ABOUT THIS TASK => Go through the material below and please tally the lines that hold the word "tree"; the number alone is the answer.

_ _ _ _ _

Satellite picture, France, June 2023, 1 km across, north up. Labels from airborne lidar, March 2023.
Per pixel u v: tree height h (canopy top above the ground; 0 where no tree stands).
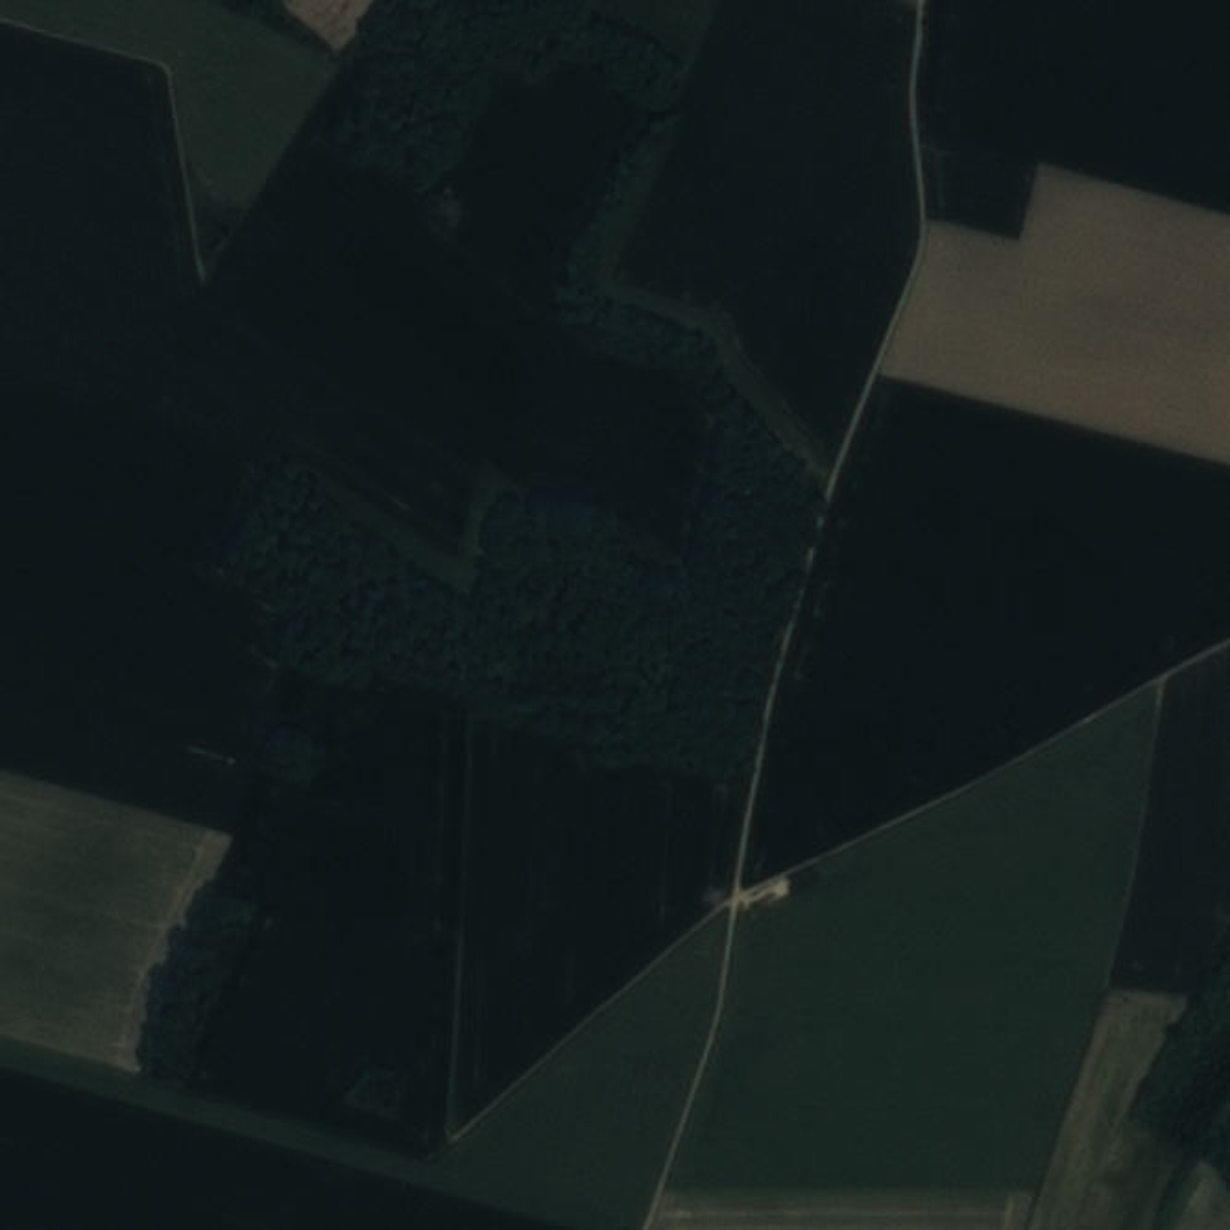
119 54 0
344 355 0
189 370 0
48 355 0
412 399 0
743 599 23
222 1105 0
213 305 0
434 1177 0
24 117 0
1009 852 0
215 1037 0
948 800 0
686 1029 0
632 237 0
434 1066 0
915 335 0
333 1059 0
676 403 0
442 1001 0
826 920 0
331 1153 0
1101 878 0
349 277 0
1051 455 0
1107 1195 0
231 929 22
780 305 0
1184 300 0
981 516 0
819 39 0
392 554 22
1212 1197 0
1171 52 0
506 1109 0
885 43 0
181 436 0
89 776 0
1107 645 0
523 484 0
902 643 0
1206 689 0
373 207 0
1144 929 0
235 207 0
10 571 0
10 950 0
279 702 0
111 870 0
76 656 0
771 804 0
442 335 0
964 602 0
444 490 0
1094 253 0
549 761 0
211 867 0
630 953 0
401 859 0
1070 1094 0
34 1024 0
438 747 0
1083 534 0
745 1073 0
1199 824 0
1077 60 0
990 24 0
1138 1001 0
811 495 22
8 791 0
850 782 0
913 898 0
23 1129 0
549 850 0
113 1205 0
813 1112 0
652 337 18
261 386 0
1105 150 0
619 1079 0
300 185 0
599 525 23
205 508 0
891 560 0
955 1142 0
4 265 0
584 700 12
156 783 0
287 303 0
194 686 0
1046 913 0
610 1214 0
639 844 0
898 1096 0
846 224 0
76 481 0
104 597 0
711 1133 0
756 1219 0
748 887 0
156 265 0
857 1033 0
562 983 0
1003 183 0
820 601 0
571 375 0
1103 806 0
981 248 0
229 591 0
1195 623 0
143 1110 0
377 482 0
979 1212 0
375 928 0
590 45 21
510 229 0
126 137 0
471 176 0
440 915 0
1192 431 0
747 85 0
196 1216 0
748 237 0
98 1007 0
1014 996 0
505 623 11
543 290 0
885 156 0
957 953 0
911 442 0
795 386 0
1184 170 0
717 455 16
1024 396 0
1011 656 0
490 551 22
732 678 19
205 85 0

_ _ _ _ _

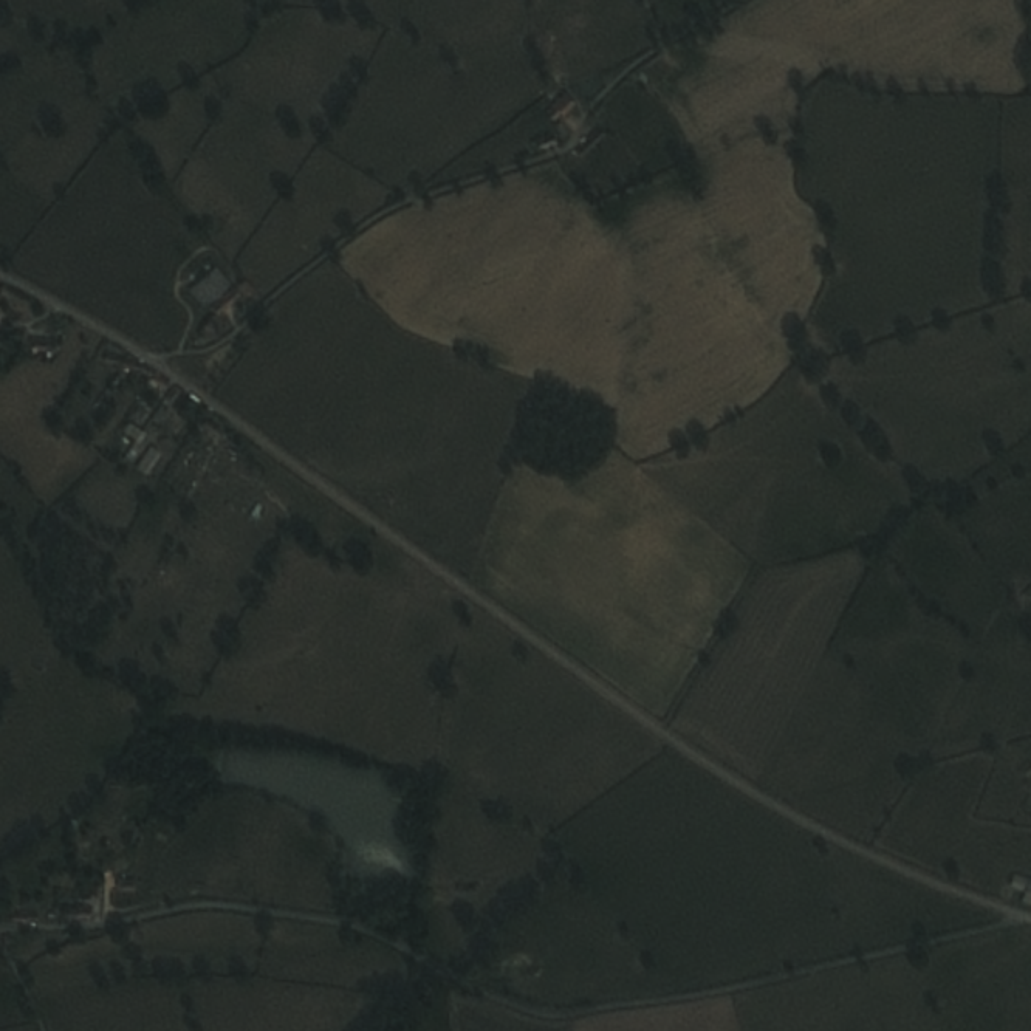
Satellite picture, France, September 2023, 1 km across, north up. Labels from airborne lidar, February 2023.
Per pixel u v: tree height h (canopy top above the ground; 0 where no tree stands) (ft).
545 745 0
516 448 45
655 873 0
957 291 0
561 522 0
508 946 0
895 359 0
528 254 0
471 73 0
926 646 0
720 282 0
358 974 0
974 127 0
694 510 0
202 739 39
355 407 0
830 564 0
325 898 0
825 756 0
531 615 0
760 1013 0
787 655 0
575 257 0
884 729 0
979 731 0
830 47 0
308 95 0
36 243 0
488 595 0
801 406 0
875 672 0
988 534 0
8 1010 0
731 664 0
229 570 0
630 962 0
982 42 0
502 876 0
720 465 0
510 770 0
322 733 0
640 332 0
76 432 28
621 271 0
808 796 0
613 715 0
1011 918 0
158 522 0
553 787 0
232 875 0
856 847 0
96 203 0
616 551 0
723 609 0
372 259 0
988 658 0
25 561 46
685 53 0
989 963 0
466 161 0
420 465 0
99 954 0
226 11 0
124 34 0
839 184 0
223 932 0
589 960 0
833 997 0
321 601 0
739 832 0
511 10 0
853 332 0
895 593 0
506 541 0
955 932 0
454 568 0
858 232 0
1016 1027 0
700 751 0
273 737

_ _ _ _ _

RESULT OF THE EXERCISE => 2